Sunday, September 4, 2016

At midnight, Tom Casavant dove into the 68-degree waters of the Pacific Ocean.

Thirteen hours later, a little after 1 p.m., he stumbled onto Point Vicente beach in Los Angeles, completing a task only a handful of athletes have been able to accomplish — swimming the 21.5 miles from Catalina Island to Los Angeles.

Casavant, 56, a professor of electrical and computer engineering at the University of Iowa, swam the distance on Aug. 19 — in 12 hours, 59 minutes and 19 seconds.

“I was absolutely happy to finish,” he said. “I was really prepared to take as long as it took.”

casavant

The channel between Santa Catalina Island and Los Angeles is the only crossing on the American continent that compares to the English Channel in both distance and difficulty, according to the Catalina Channel Swimming Federation.

Casavant said he decided to attempt the swim about two years ago. He applied in March.

After passing a medical examination and other requirements — including an eight-hour swim and an additional four-hour night swim in Lake Macbride — be became one of the nearly 50 people the Catalina Channel Swimming Federation accepted to attempt the feat.

Karen Casavant, 56, Casavant’s wife and a physical therapist assistant at Progressive Rehabilitation Associates, and eight family members and friends made up Casavant’s support crew.

The support crew accompanied Casavant during the swim, and a crew member in a kayak gave him hourly nourishment.

Casavant said he expected the physical challenge because this was the farthest and the longest he’s ever swum.

However, he said, the hardest parts were the mental challenges.
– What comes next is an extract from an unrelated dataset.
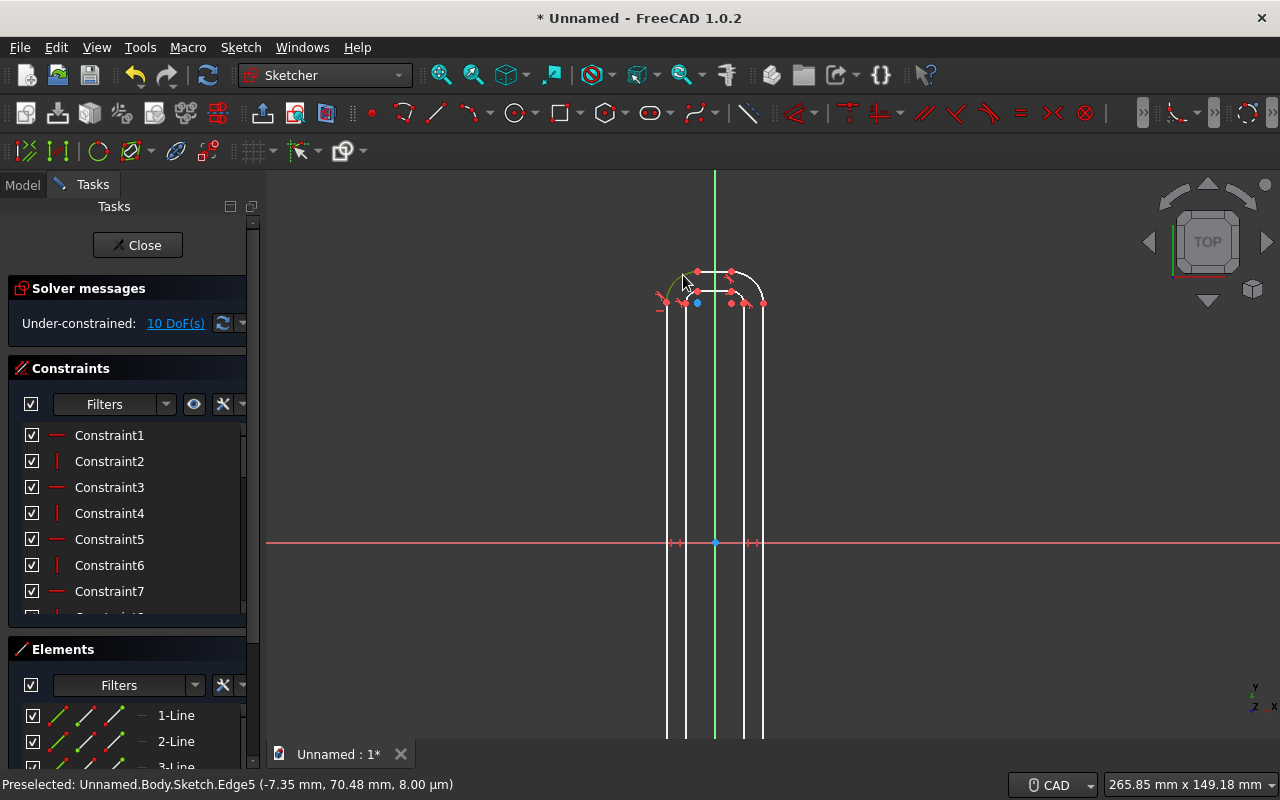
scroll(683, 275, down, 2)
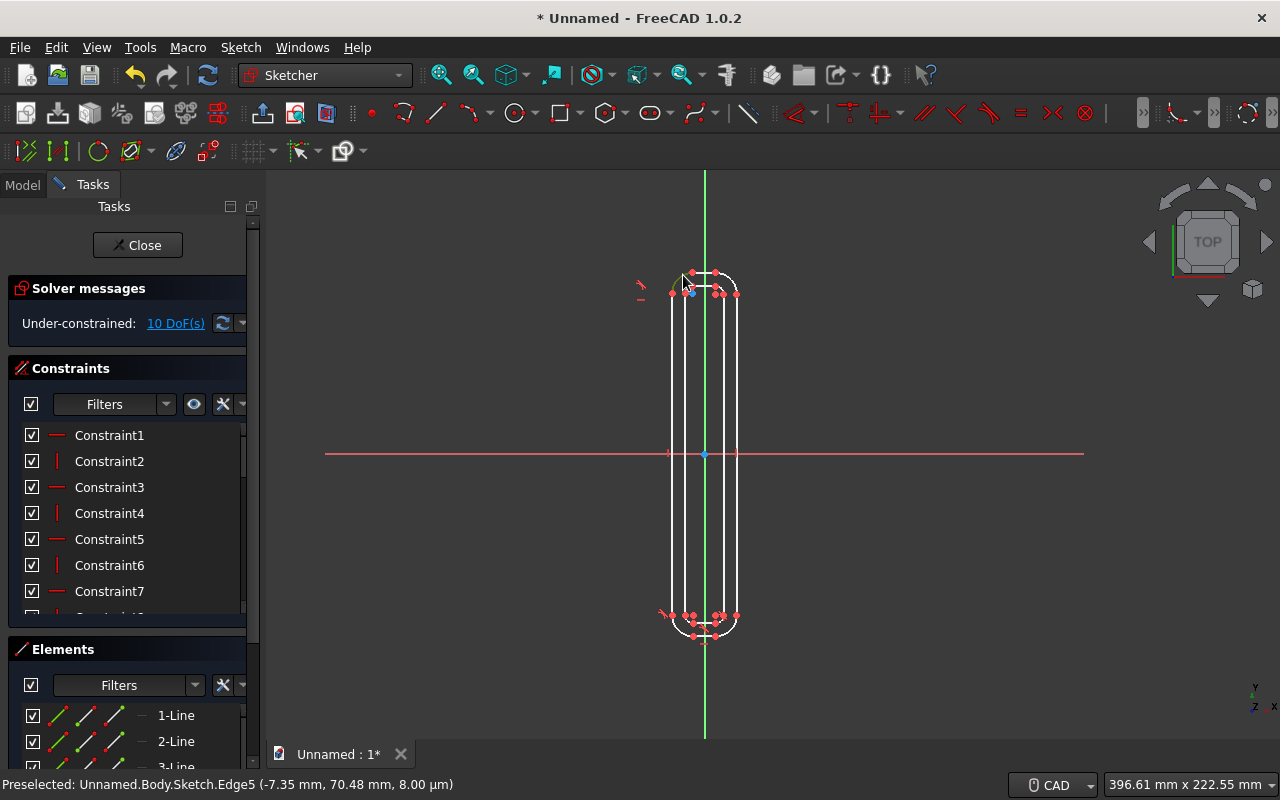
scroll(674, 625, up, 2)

Toward the end of the swim, he was demoralized.

“It was close to seven hours, and I just had a lot of pain in my shoulders,” Casavant said. “I just started thinking ‘I’m not going to make it.’ This was the first time in my life that I was doing something this difficult that I thought I would have to quit. I was at my limit.”

Karen Casavant, as well as other support crew members, encouraged him to keep going.
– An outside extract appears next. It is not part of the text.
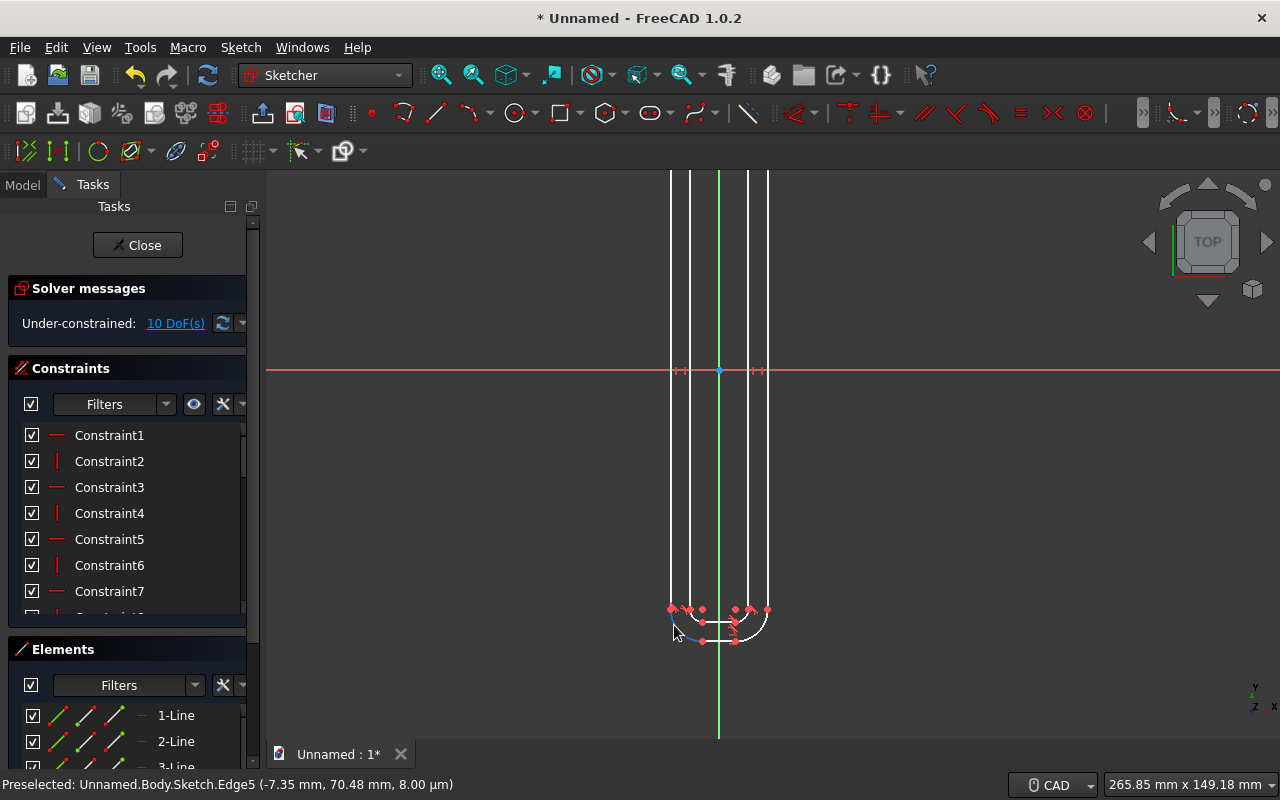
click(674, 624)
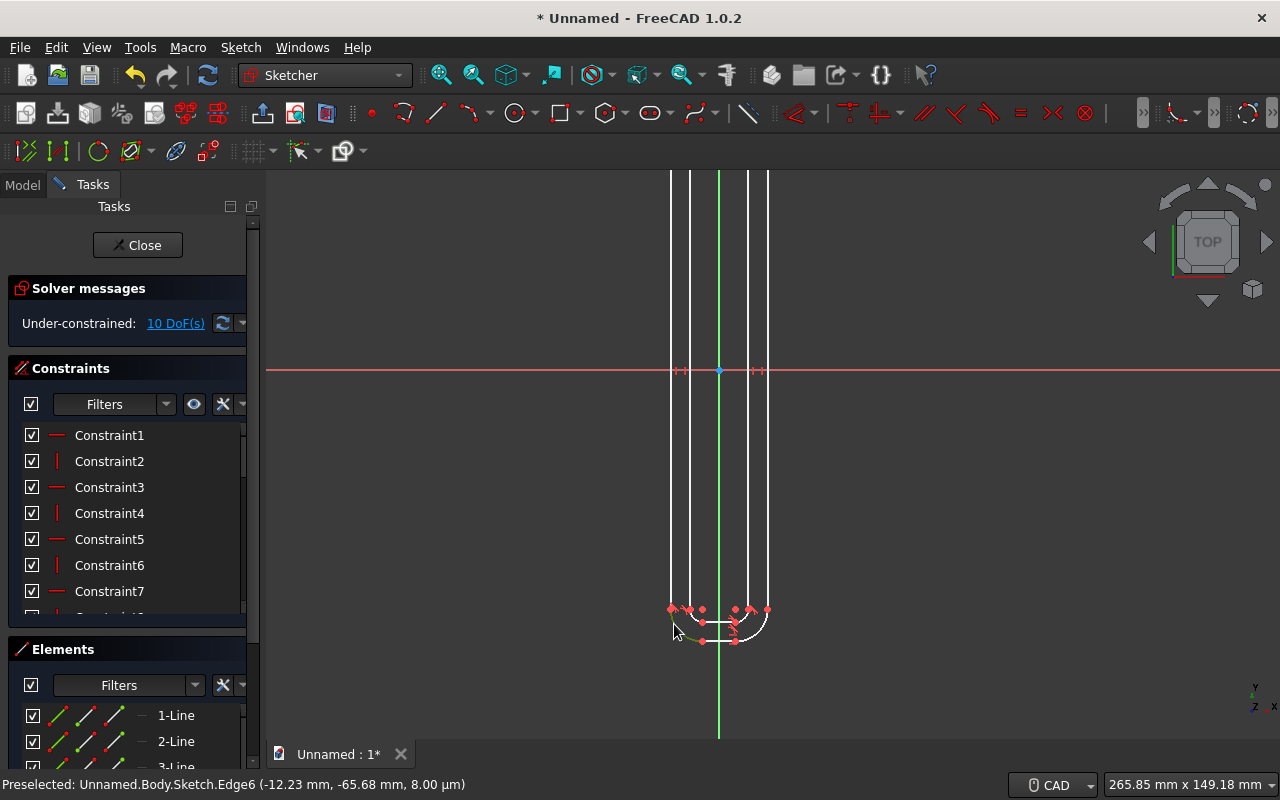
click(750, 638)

“He was seeing the same scenery because he was in a current that was against him,” Karen Casavant said. “He wasn’t making very good distance for a long time — less than a mile an hour. So every time he looked up, it looked the same.”

Casavant said he was able to focus on finishing and just “swim as hard as I can until I get there or I just can’t go any farther.”

Only about 400 swimmers have completed the solo swim in almost 90 years. The first individual to complete the swim was George Young, of Canada, on Jan. 15, 1927, in about 16 hours.

A relay team first swam the channel Sept. 10, 1926, according to the federation. Since then, more than 100 relay teams have succeeded in the swim.

The channel is far from Tom Casavant’s first challenge. On top of weekly swims in Lake Macbride, he has completed swims across the world, including in the Indian Ocean and off the coast of Australia.

Although he began competitive swimming when he was 8 years old, Casavant said he started open-water swimming when he was challenged by his daughter, Kayla, to compete in a race in Lake Harriet in Minneapolis in 2012. He has been swimming in open water ever since.

“I think one of the really appealing things about open water swimming is that it is different,” Casavant said. “It’s not a very controlled environment — nature and whatever conditions are that day — that’s a part of it.”

And even though the Catalina Channel is his peak accomplishment, he said, he has no plans to quit open-water swimming anytime soon.